Let $A$ and $B$ be C*-algebra, $h\colon A\rightarrow B$ is *-homomorphism.
If $a\in A_{\operatorname{sa}}$, then $\operatorname{sp}(h(a))\backslash \{0\}\subset \operatorname{sp}(a)\backslash\{0\}$. Here, $A_{\operatorname{sa}}$ denotes all the self adjoint elements in $A$
How to prove this inclusion?
This result holds in more general case of Banach algebras.
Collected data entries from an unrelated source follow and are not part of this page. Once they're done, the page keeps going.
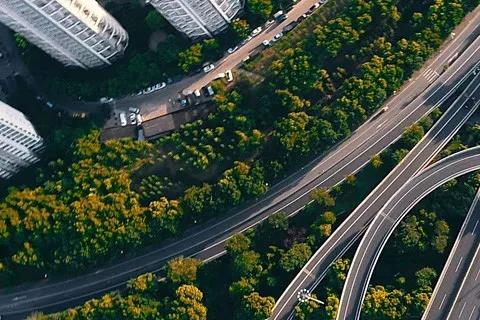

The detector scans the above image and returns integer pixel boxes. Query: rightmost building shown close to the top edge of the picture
[146,0,246,42]
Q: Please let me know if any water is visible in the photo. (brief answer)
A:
No
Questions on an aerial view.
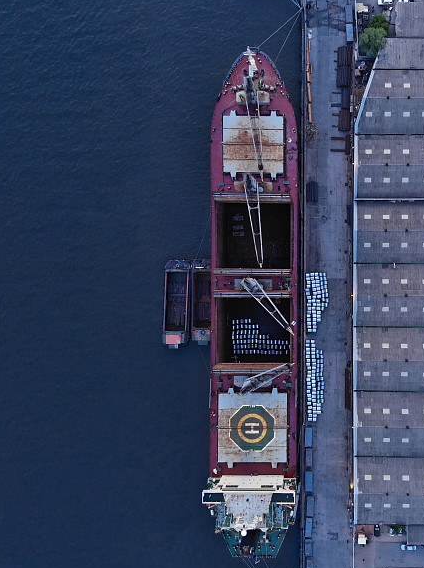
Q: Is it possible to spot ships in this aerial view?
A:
Yes
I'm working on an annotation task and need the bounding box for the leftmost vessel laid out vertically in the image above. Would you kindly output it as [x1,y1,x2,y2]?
[162,259,190,347]
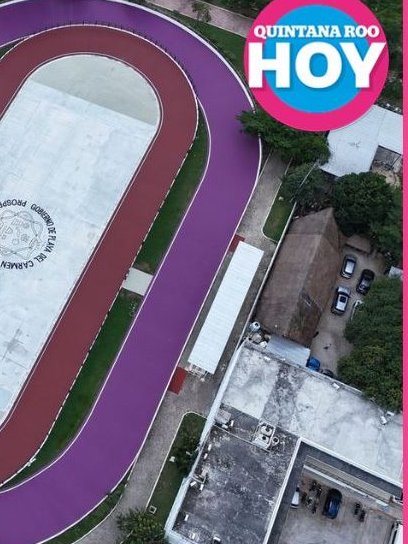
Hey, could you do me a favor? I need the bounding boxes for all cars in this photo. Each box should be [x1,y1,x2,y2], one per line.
[355,270,374,295]
[324,487,344,521]
[306,357,317,371]
[339,255,358,281]
[330,288,349,316]
[288,483,307,511]
[322,369,336,381]
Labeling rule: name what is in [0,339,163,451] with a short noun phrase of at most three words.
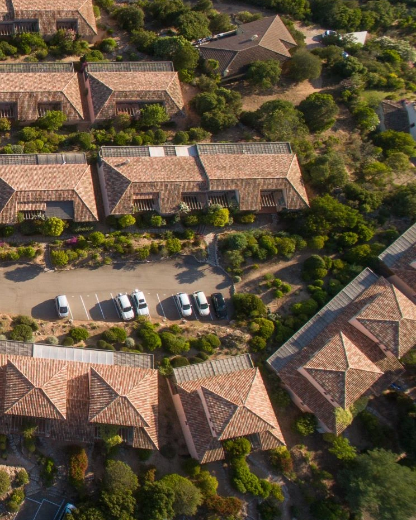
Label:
house
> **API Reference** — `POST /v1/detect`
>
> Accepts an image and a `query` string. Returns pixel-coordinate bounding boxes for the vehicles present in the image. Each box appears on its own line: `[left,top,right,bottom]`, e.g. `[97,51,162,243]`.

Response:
[54,295,69,319]
[338,46,353,57]
[173,294,192,318]
[128,289,151,321]
[206,293,228,321]
[189,291,211,318]
[112,294,133,322]
[318,28,338,40]
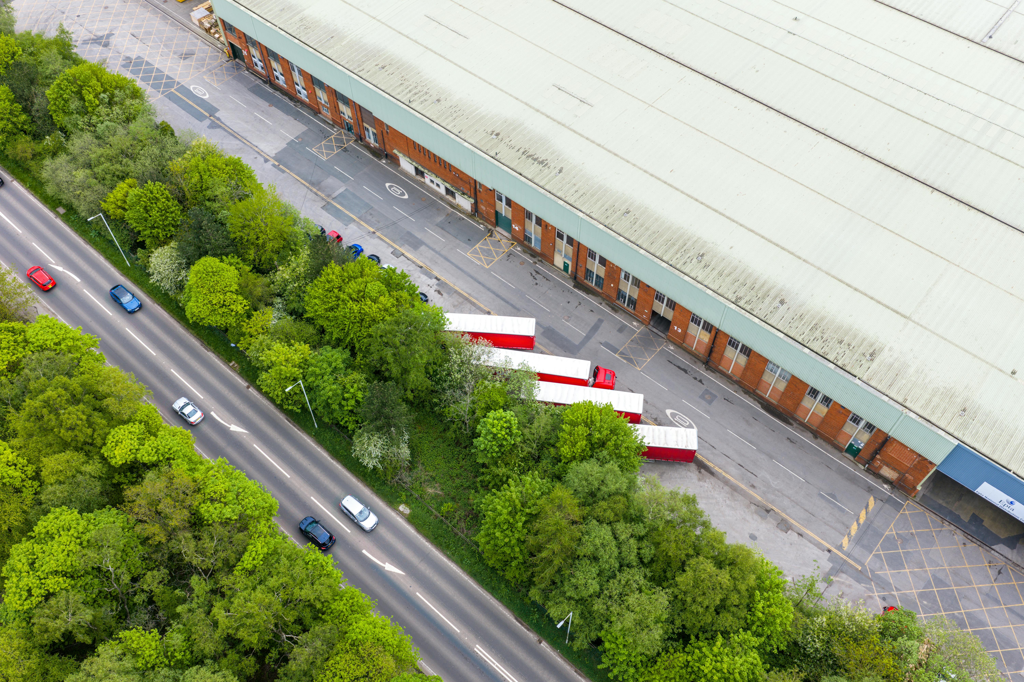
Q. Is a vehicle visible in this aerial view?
Yes
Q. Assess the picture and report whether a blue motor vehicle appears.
Yes
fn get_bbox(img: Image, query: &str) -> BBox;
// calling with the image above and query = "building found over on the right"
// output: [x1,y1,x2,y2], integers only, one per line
[211,0,1024,567]
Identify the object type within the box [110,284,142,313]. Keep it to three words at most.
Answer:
car
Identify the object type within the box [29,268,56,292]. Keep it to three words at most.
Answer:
car
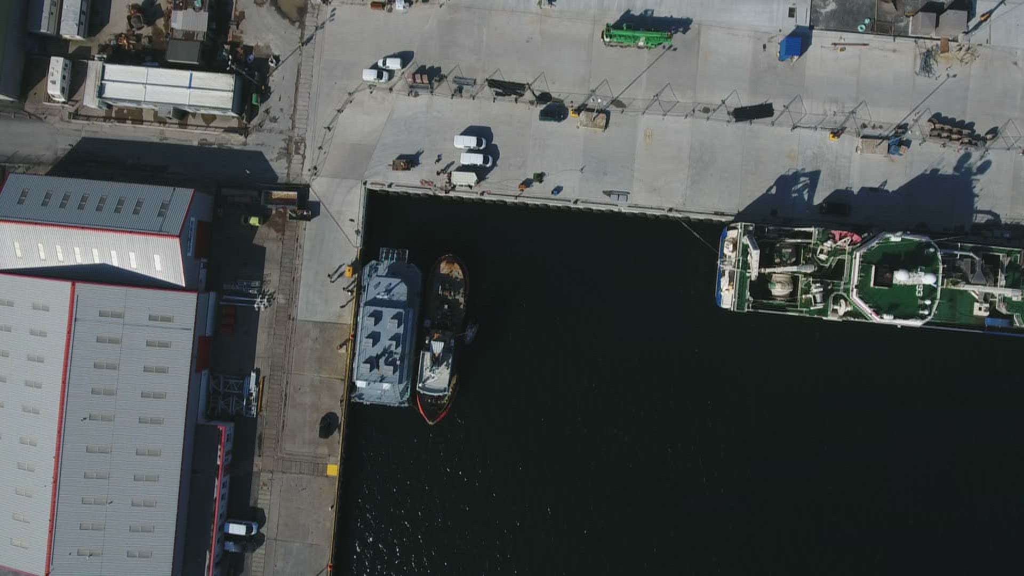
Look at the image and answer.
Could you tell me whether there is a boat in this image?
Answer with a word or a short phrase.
Yes
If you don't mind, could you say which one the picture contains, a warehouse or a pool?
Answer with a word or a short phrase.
warehouse
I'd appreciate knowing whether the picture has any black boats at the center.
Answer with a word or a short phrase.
Yes
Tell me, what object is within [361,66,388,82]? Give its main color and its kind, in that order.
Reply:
white vehicle
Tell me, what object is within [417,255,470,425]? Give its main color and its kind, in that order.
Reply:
black boat
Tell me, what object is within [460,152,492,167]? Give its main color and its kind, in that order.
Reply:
white vehicle
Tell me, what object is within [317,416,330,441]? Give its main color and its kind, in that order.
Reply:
black vehicle
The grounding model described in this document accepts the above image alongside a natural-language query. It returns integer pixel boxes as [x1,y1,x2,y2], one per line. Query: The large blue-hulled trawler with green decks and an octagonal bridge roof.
[718,221,1024,335]
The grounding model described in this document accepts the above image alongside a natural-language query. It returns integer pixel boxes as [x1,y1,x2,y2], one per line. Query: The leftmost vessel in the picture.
[352,248,423,408]
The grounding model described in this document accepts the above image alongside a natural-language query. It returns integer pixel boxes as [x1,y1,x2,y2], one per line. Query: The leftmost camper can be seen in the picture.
[43,54,69,108]
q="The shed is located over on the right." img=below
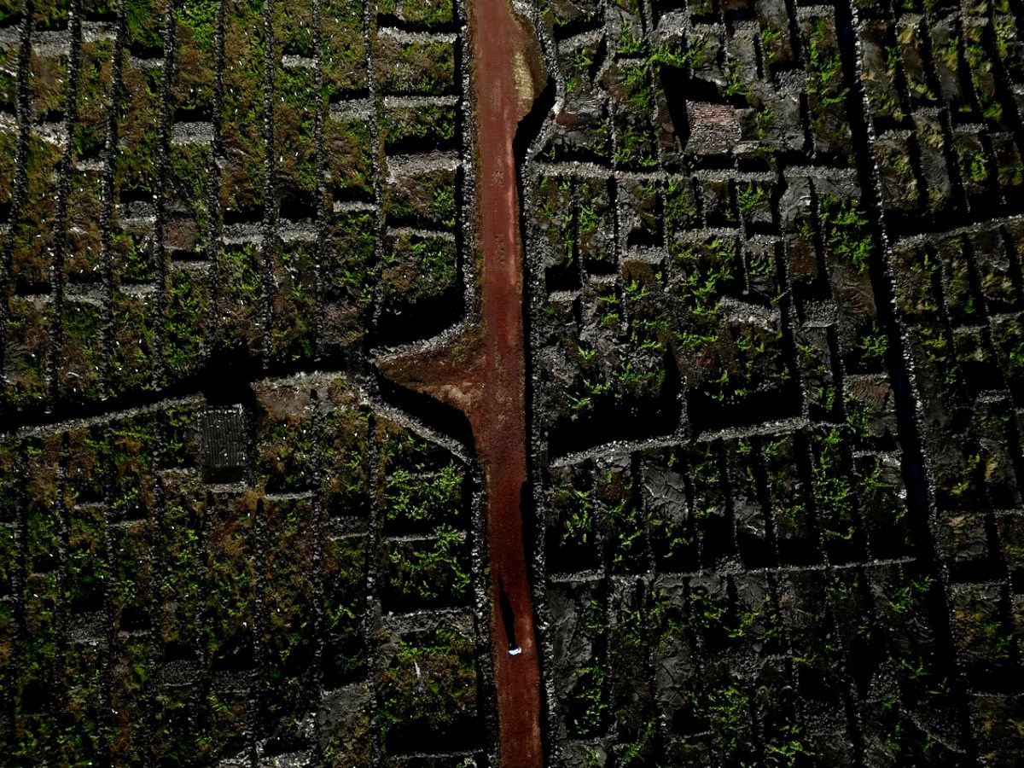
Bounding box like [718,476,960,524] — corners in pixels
[670,98,759,158]
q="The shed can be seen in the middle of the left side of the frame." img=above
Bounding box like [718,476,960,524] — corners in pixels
[198,401,264,492]
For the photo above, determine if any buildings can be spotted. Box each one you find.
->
[670,98,759,158]
[198,401,264,492]

By $A_+:=A\oplus_1 \mathbb{C}$ we denote unitalization of Banach algebra $A$. Multiplication in $A_+$ is given by the formula $$ (a,\lambda)(b,\mu ) =(ab+\lambda b+\mu a,\lambda\mu) $$ The algebra $A_+$ is unital with unit $e_{A_+}=(0_A,1_{\mathbb{C}})$.
For a given Banach algebra homomorphism $h:A\to B:a\mapsto h(a)$ we have well defined unitalization $h_+:A_+\to B_+:(a,\lambda)\mapsto (h(a),\lambda)$. Clearly $h_+$ is a unital homomorphism, i.e. preserve units. We also use the notation $rg_A(a)=\mathbb{C}\setminus sp_A(a)$
Lemma 1. For a given unital Banach algebra $A$ we have $sp_{A_+}(a)=sp_A(a)\cup\{0\}$ for all $a\in A$.
Proof. Let $\lambda\in\mathbb{C}\setminus\{0\}$. Let $b\in A$ be inverse element of $a-\lambda e_A$, then it is easy to check that $b-\lambda^{-1}(e_{A_+}-e_A)\in A_+$ is the inverse element of $a-\lambda e_{A_+}$. Conversely, if $c\in A_+$ is the inverse element of $a-\lambda e_{A_+}$, then $e_Ac\in A$ is the inverse element of $a-\lambda e_A$.
From previous paragraph it follows that $rg_A(a)\setminus \{0\}=rg_{A_+}(a)$, hence $sp_{A_+}(a)=sp_A(a)\cup\{0\}$.
Lemma 2. Let $h:A\to B$ be a unital homomorphism of unital Banach algebras, then $sp_B(h(a))\subset sp_A(a)$ for all $a\in A$
Proof. Let $\lambda\in\mathbb{C}$. Assume $b\in A$ is the inverse element of $a-\lambda e_A$. It is easy to check that $h(b)\in B$ is the inverse element of $h(a)-\lambda e_B$. This means that $rg_A(a)\subset rg_{B}(h(a))$, hence $sp_B(h(a))\subset sp_A(a)$.
Proposition. Let $h:A\to B$ be a (not necessarily unital!) homomorphism of unital Banach algebras, then $sp_B(h(a))\cup\{0\}\subset sp_A(a)\cup\{0\}$.
Proof. Consider unital homomorphism $h_+:A_+\to B_+$. By lemma 2 we have $sp_{B_+}(h_+(a))\subset sp_{A_+}(a)$ for all $a\in A_+$. Recall that $h_+(a)=ha(a)$ for all $a\in A$, so by lemma 1 we get that $sp_B(h(a))\cup\{0\}\subset sp_A(a)\cup\{0\}$.